The non haunting bits aren’t exactly groundbreaking, nor properly explored. The strict discipline of the nuns, which gets Rosa locked away and forced to fast after being accused of cutting another girl’s hair and lying about it, but still allows the girls to have a radio, is expected, as is the nuns putting them to work doing laundry that the convent is being paid to wash. Narcisa having doubts after having her own miraculous experiences is interesting, as is Sister Julia’s accusation that maybe it wasn’t the Virgin who inspired her but the Devil. However, even as she questions herself, the former Holy Girl seems desperate to hold on to to her faith and routinely whips herself. All this makes Narcisa’s final decision hard to understand.

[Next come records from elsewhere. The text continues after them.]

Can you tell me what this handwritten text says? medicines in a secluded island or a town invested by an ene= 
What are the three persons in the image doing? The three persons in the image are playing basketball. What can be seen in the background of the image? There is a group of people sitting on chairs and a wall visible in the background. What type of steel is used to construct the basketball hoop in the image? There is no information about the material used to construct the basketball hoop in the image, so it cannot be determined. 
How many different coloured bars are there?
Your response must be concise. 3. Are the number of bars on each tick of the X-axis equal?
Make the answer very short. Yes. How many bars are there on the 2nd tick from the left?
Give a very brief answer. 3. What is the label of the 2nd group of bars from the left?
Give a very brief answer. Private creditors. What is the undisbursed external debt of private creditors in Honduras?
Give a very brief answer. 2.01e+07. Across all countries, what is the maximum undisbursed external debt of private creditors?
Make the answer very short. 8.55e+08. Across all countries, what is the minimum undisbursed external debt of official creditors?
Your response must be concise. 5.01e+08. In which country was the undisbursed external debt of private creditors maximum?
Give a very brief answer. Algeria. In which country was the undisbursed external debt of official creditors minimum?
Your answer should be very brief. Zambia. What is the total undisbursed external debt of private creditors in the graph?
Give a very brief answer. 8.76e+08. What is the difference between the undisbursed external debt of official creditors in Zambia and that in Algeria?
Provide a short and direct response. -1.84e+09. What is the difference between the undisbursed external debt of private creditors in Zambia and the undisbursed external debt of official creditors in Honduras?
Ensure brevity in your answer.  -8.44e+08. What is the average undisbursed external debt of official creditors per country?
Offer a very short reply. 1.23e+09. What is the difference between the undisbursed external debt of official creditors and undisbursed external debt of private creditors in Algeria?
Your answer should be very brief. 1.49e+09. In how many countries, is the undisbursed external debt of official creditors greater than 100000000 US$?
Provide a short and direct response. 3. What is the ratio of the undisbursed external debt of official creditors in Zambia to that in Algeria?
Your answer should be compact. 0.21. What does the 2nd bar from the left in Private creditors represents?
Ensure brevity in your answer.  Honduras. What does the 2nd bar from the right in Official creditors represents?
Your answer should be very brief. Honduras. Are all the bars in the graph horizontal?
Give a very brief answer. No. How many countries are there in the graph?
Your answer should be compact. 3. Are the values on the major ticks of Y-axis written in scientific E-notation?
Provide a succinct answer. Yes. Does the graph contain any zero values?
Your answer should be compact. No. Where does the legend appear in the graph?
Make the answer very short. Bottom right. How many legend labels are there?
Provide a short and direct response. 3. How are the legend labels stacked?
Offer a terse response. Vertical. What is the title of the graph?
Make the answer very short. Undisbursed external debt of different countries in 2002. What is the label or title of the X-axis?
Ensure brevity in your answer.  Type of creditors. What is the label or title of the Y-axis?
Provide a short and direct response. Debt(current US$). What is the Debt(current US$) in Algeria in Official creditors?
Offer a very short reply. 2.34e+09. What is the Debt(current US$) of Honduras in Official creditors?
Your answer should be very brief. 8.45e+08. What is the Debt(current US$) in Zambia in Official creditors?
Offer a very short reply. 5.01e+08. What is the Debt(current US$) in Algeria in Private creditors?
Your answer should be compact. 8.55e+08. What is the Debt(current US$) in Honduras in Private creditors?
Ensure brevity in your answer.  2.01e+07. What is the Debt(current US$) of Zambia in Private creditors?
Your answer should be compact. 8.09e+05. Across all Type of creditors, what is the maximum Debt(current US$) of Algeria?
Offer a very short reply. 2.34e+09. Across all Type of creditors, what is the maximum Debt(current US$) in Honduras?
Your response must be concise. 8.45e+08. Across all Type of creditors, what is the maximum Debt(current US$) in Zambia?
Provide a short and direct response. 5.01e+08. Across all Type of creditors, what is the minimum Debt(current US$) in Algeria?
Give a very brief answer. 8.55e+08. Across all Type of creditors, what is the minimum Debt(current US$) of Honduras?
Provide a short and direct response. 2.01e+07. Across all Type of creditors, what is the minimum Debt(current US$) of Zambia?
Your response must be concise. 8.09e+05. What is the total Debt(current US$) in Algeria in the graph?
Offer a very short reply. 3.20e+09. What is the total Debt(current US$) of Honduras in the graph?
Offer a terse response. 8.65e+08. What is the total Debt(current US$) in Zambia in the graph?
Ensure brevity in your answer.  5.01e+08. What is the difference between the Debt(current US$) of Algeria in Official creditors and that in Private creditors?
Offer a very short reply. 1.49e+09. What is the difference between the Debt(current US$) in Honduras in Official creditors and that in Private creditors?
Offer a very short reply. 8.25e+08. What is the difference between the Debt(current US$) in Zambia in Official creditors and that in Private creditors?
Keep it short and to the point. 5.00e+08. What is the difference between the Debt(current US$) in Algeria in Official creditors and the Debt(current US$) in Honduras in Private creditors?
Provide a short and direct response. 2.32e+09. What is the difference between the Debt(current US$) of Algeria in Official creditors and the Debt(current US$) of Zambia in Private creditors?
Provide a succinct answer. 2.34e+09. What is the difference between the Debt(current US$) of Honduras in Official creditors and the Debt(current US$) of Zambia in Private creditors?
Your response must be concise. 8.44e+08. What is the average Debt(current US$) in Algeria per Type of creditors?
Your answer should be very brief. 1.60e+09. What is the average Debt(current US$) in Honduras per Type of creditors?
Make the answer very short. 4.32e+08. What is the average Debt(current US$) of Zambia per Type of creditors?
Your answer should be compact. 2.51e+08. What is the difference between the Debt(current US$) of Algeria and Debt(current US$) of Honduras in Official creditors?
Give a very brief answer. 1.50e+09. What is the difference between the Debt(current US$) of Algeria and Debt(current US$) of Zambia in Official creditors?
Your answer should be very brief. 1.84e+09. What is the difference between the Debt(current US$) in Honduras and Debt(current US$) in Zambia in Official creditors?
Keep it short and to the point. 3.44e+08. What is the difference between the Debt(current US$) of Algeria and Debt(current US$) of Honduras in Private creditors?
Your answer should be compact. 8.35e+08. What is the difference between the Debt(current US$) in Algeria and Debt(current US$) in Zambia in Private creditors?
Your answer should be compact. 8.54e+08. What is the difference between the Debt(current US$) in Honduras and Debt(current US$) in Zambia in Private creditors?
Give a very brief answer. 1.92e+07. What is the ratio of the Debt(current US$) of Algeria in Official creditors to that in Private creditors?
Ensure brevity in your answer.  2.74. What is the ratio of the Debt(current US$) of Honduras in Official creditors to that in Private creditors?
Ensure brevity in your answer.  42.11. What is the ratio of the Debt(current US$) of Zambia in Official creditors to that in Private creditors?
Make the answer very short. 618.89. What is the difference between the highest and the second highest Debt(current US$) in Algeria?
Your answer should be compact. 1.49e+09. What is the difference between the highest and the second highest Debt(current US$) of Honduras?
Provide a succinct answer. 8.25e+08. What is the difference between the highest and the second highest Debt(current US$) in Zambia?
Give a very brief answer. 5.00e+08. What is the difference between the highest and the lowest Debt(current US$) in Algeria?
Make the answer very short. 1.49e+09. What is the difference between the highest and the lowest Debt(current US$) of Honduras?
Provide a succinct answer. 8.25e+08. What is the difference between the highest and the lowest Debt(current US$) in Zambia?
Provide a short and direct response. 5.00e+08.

I mean, she finds out that the nuns, including the kindly Mother Superior, endangered and accidentally killed a child, and years later, their idea of punishment is still locking away and starving children. Then, there’s the dead child’s mother, yet another nun, who has been terrorizing innocent children whose only crime is to have been sent to the convent’s school, and killed at least one of them. You’d think those doubts would be magnified after she learns this – instead, Narcisa finds her faith after having her eyes burned by an eclipse while God or the Virgin or whoever sends her visions of the convent’s looting. The quickness with which the final events unfold also makes it difficult for Narcisa to fully react to the reveals, and when she does, it’s directed at mean Julia rather than the nicer Mother Superior, or even Socorro’s vengeful ghost. What are Narcisa’s thoughts on everything – including Rosa’s death – that happened? How does she go from evil nuns + blindness to restored faith + taking vows? Of course, since this is a prequel to Verónica and Narcisa was a nun there, she had to become a nun here, but the movie should’ve given the audience more to justify her decision.



VERDICT
Sister Death has everything to be great, but stops at average. Of course, the title isn’t even about Socorro but Narcisa herself – it’s the nickname Verónica and her classmates will give her due to her psychic abilities. This almost feels like false advertising. The fact that it’s set in Spain, in the past, gives it a different look and feel from similar American offerings, but the story itself isn’t very original. That confusing final third would’ve been a lot better if done in a more straightforward way that didn’t make the audience wonder about the paradoxical complexities of time travelling ghost nuns. In one word, disappointing.